In Harmon’s rebuttal she said Gurnee does not support San Luis Obispo as a sanctuary city. She also said Gurnee compared the word NIMBY (Not In My Backyard) – a phrase used toward residents who do not want development – to the N-word. Harmon said this kind of communication, especially today, is a big concern for her.
Gurnee wrote “Let’s stop using the new N-word (NIMBY),” in a Cal Coast News column August 12.
Gurnee apologized for the comparison and said he has already apologized profusely for the statement. He said he also apologized to city council candidate Erica A. Stewart, who is half-Black. He said he believes both NIMBY and the N-word are pejorative terms meant to slight and marginalize an important population.

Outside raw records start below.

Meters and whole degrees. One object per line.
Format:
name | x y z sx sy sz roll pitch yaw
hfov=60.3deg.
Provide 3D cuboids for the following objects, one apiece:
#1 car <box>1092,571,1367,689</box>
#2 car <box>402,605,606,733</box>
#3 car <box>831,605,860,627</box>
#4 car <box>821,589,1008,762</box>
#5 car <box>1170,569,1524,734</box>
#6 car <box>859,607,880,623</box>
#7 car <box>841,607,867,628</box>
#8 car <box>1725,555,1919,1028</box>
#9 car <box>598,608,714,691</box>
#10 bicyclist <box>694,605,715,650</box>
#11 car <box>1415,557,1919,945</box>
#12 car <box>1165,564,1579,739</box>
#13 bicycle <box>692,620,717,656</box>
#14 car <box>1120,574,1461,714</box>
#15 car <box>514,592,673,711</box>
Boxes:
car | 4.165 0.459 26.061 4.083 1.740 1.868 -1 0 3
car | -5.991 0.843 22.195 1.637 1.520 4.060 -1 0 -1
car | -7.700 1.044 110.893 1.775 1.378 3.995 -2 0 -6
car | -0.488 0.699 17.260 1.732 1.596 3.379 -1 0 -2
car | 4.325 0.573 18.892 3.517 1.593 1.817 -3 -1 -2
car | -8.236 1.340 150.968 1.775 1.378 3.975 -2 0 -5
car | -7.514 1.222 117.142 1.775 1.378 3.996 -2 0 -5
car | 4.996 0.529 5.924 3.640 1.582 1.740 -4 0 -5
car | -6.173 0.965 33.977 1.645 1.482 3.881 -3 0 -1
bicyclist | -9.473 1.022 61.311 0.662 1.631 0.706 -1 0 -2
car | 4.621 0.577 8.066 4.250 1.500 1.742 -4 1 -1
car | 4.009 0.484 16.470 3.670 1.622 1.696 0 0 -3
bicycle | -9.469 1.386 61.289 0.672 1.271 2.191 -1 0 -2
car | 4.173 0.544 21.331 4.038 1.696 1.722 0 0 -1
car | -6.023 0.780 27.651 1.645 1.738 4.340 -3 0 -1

Building a better relationship between Cal Poly and the community
Both candidates advocate for more students to live on campus, which is a part of Cal Poly’s master plan. Both candidates said they advocate for students’ voices in the community. However, students who live on campus cannot vote for city government because Cal Poly is not within city limits.
When asked to address this contradiction, Harmon said that is something the city and Cal Poly need to talk about in the future. She said she would be open to potential annexation of Cal Poly into the city.
Harmon said she has involved students in other ways, beyond just their vote. She said she has monthly meetings with students and is on campus up to five times a week to speak during classes and events. She also said she tries to hire student interns and mentor students as much as she can. Harmon said she believes students are being demonized in the city. She said community members do not need to protect San Luis Obispo from students, people of color or people of lower economic brackets.
Gurnee said as a city council member during college, he was a strong advocate for students and will do so again if elected mayor. He said there have been previous pushes for Cal Poly to be annexed into the city that had failed. Rather than annexation, Gurnee recommended students get involved in local politics and try to join local councils or committees as he did while attending Cal Poly.